Book value is typically the value at which mREITs are valued, and as such is perhaps the most important metric to follow. If an mREIT’s book value goes up, its stock tends to follow. Book value, meanwhile, is heavily influenced by mortgage rates, which tend to move with interest rates as well as their yield relative to Treasuries.

Treasuries are considered essentially risk-free, and other fixed-income assets tend to have higher returns. This is often referred to as the yield spread and can narrow and widen depending on various factors. When spreads widen due to rising yields on fixed income assets, their value tends to fall.

This quarter, Annaly saw its book value increase to $19.54 per share, up from $19.25 last quarter and $18.25 a year ago.

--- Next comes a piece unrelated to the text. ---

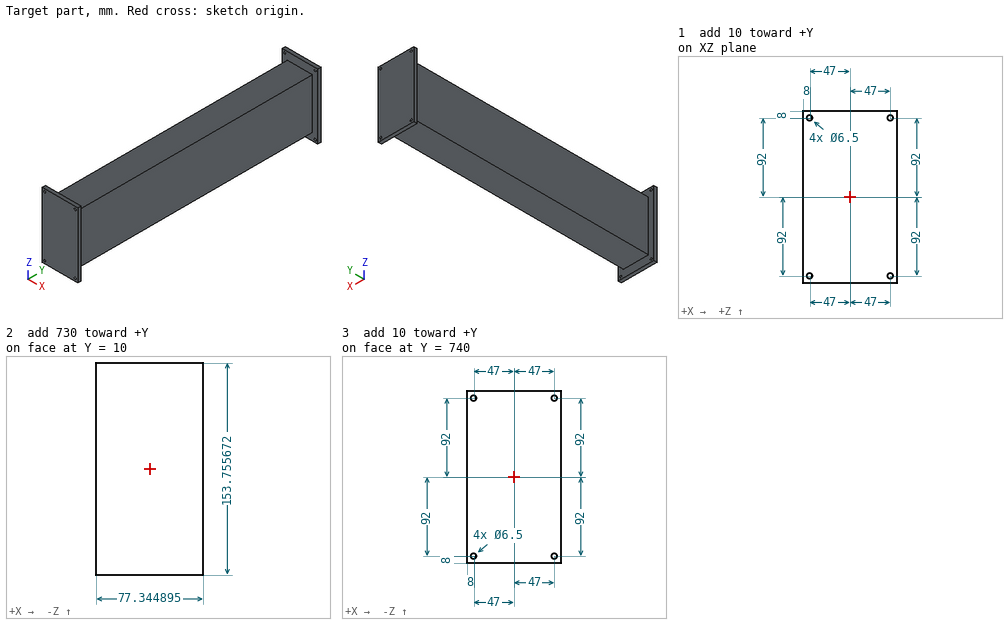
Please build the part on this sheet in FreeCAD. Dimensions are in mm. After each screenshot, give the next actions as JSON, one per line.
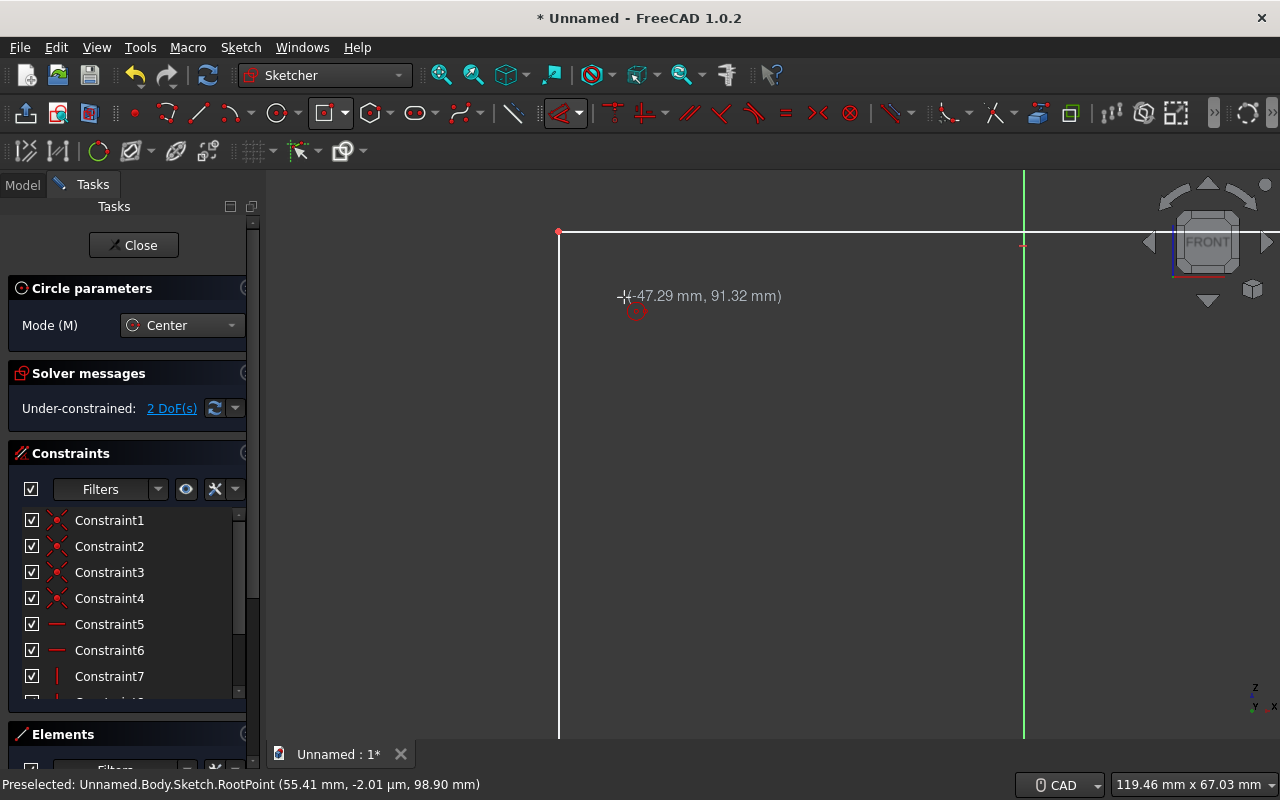
{"action": "scroll", "coordinate": [624, 297], "scroll_direction": "down", "scroll_amount": 8}

Its book value was under pressure before this year due to not only a Federal Reserve interest rates rising, but also yield spreads between treasuries moving from historically low levels to historically high levels.

Net interest margin: Net interest margin is the difference between an mREIT’s return on assets and its financing costs after hedges. Funding costs are typically floating-rate, short-term instruments, and mREITs typically hedge them to lock in the rate and increase their duration to better match the expected duration of their longer-maturity MBS positions.

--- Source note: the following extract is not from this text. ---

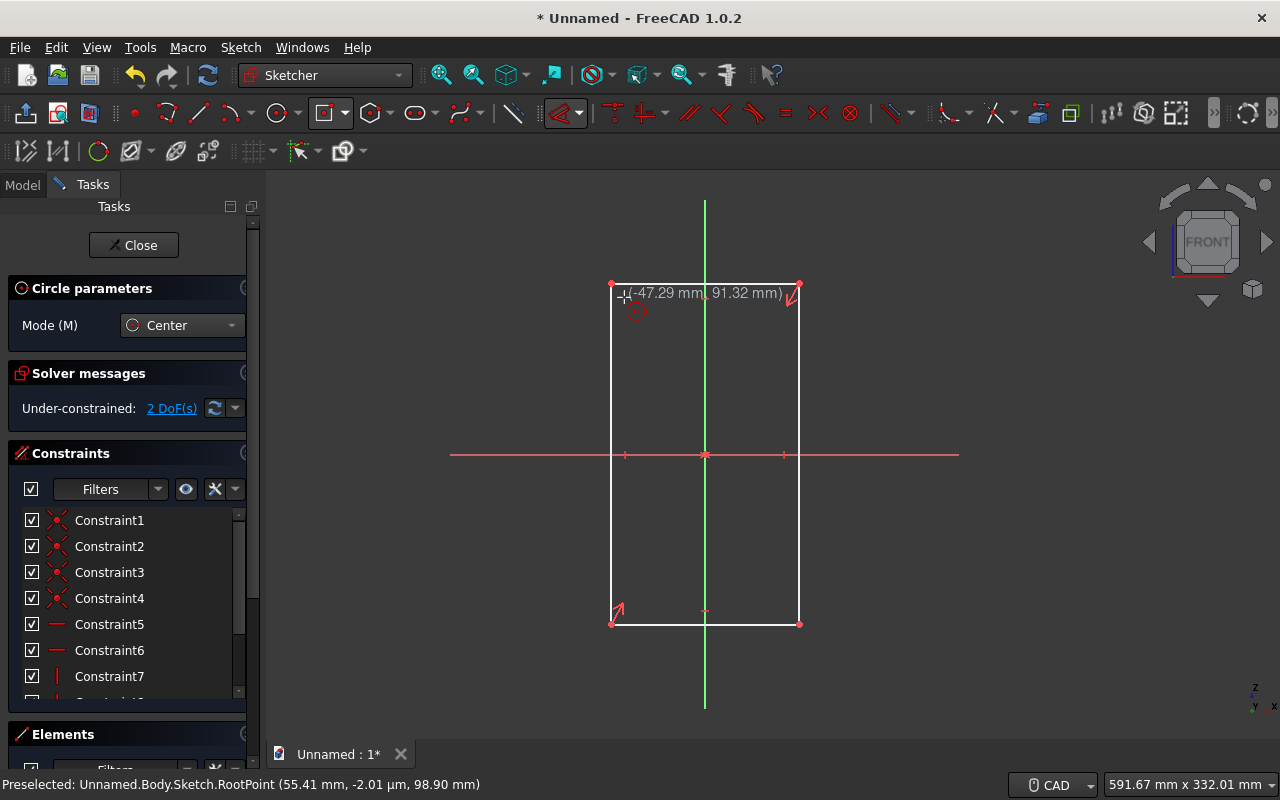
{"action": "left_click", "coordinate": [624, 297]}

Without these hedges, Annaly’s funding costs would have exceeded the income generated by its portfolio assets. However, with hedges, Annaly’s net interest margin was 1.32% in the quarter, up from 1.24% in Q2 and 1.18% a year ago.

Earnings available for distribution per share (EAD): This metric is key to determining a company’s ability to continue paying its bills dividend. Typically, companies adjust their earnings by removing non-cash items (such as depreciation and amortization) and realized and unrealized investment losses. Essentially, it tries to capture the income generated by the company’s investments, which is primarily influenced by net interest margin and how much leverage it has.

For Q3, Annaly generated $0.66 per share in distributable income, which was flat from a year ago, when it carried more lever. That income was enough for Annaly to cover the $0.65 per share dividend it paid in the quarter.

Constant prepayment rates (CPR): While the biggest risk for mREITs is higher mortgage rates, the companies are also exposed to prepayment risk when rates fall, meaning when homeowners refinance into lower-rate mortgages or move and take lower rate mortgages. This is a risk because an mREIT would have to replace that older, higher-yielding MBS with one that has a lower yield.

In the quarter, Annaly posted a slight increase in CPS to 7.6% from 7.4% in Q2. However, projected long-term CPR rose to 11.9% from 8.5% last quarter. This will happen when mortgage rates fall, but mREITs will usually take the trade-off that comes from the increase in book values ​​that result from lower rates. The bigger risk would be that mortgage rates would drop sharply, leading to many more prepayments.

Toy-sized house placed on top of money.

Image source: Getty Images.

Is Annaly a buy?

Although Annaly delivered solid numbers, the company’s management pointed to a number of potential catalysts, including a steeper yield curve, investor flows and an improved technical context. The sector had to deal with a inverted yield curve (when short-term rates are higher than long-term rates) for two years, so the return to a more normal yield curve (when long-term bond yields are higher than short-term debt) should helps improve spread income. . In a more stable environment, it could also increase leverage to support this income.

While non-committal, the company said the Fed’s current plans to cut rates should be a good tailwind for its business and EAD, and that a dividend hike is not out of the question. However, he said the biggest focus was on economic yield, which is basically the combination of a growing book value and the dividend. That said, I think a steeper yield curve combined with slightly higher leverage could lead to higher EAD and possibly little dividend growth down the road.

Given that book value and dividends are trending favorably in the sector, I would buy Annaly stock.